Acne aestivalis also called as acne mallorca, is a special kind of polymorphous light eruption induced by ultra violet A radiation. This condition is said to be seasonal, usually affecting people in springtime and goes away in autumn when there is less sun light. This photo induced skin reaction leads to a mono-morphous eruption that consists of multiple, uniform, red, papular lesions. This skin reaction is classified as a delayed-type hypersensitivity because the onset is 24–72 hours after sun exposure. The condition equally affects men and women between the ages of 20–40 years old with no prior history of acne vulgaris. The eruption is unusual because it spares the face but it affects the lateral aspects of the upper arms, shoulder girdle, back, and chest. This condition's pathogenesis is not very well understood but scientists believe it an unfortunate side effect that results from a strong immune response to potentially cancer-causing cell damage.

Signs and Symptoms 
 
Patients present numerous lesions of small papules that are dull red, dome shaped, hard, and usually not more than 2–4 mm in diameter. These lesions do not affect the face but affect lateral aspects of upper arms, shoulder girdle, back, and chest. The papules have an onset of 1–3 days after sun exposure and may last for many weeks. Comedones are not present in this type of skin reaction.

Cause 
 
The main cause of this condition is sun exposure. Hypersensitivity to the sun may be experienced due to genetic predisposition. It is also speculated that cosmetics and sun care products containing hydroxyl peroxides may trigger this condition through free radical and ultra violet A radiation photo-toxic reactions.

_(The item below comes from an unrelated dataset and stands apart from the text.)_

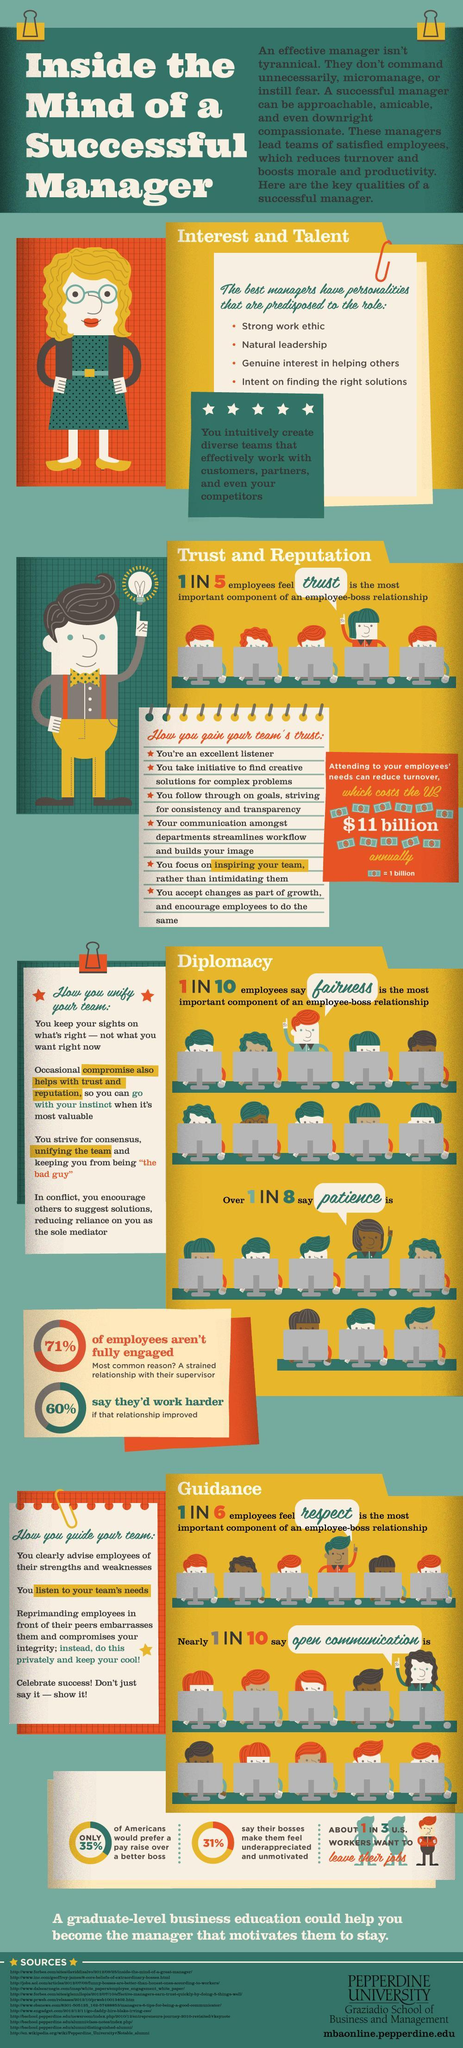what % of employees would show no improvement if relationship improved
Answer the question with a short phrase. 40 Fairness and Patience are which aspect of Managerial skills diplomacy what percentage of employees feel trust is the most important components of employee-boss relationship 20 What is the value of each currency note shown 1 billion respect and open communication are which aspect of managerial skills guidance what % prefer and pay rise over better boss and what % say their bosses make them feel underappreciated and unmotivated 35%, 31% what percentage of employees feel open communication is important 10 what percentage of employees feel fairness is the most important components of employee-boss relationship 10 
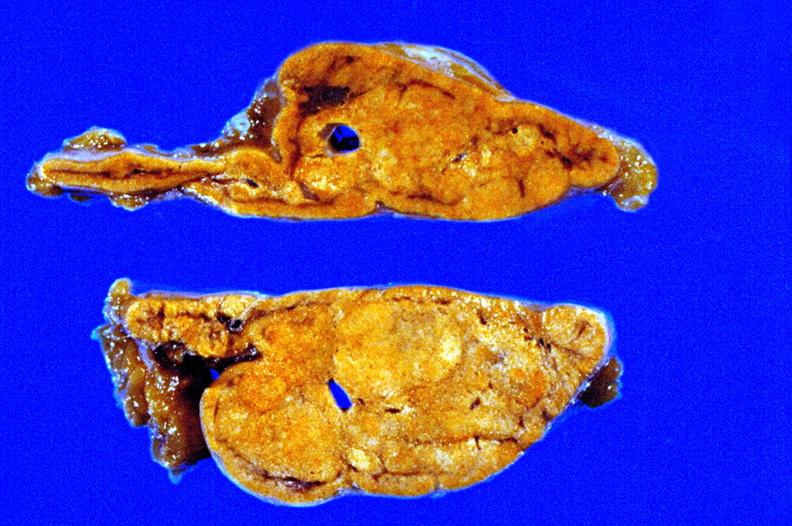what is present?
Answer the question using a single word or phrase. Nodules

Mechanism/pathophysiology 
The actual mechanism of disease is not very well understood but there are a few speculations. It is believed that acne aestivalis has a genetic predisposition involved in which people who show acne aestivalis have lower expression of apoptosis inducing genes which leads to inflammation. Inflammation is believed to be triggered by circulating ultra violet radiation damaged cells that could not go through apoptosis and the cell fragments they release. Also, it is speculated that this sun induced acne form is caused by a photo allergic reaction between sunscreen, skin, and the sun. A photo-toxic reaction pathogenesis is also possible through free radical release in sun screen oxidation by ultra violet radiation.

Diagnosis 
The diagnosis is by visual examination of skin lesions and sun exposure history. A diagnosis of acne aestivalis is made once the patient reports the onset of papules was 1–3 days after sun exposure.

Treatment 
The treatment for this condition is topical tretinoin or benzoyl peroxide applied to the skin. The use of topical steroids should be avoided. Currently, there is no systemic treatment for acne aestivalis.

Prognosis
This condition is alleviated during the fall season when there is less sun light available. The papules do not leave a scar on the affected person's skin.

Epidemiology 
There is limited information on the epidemiology of this condition. This disease was first noticed in Scandinavian men and women between the ages of 20 and 40 years old. The skin eruption would present in this population after sunbathing in Mallorca beach after a long and dark winter season.

Research 

In 2001, a study was conducted to test a prophylaxis regimen containing alpha-glucosylrutin, a strong plant-derived antioxidant. The focus of the experiment was to evaluate the effects of alpha-glucosylrutin on polymorphous light eruption and acne aestivalis development. The study demonstrated that applying alpha-glucosylrutin along with SPF 15 sunscreen decreases severe polymorphous light eruption cases from 96.2% to 7.4%.The study included 20 people with polymorphous light eruption and 3 people with acne aestivalis. In this study, 2 out of the 3 people with acne aestivalis did not have an episode of lesions after being prophylactically treated with alpha-glucosylrutin and SPF 15.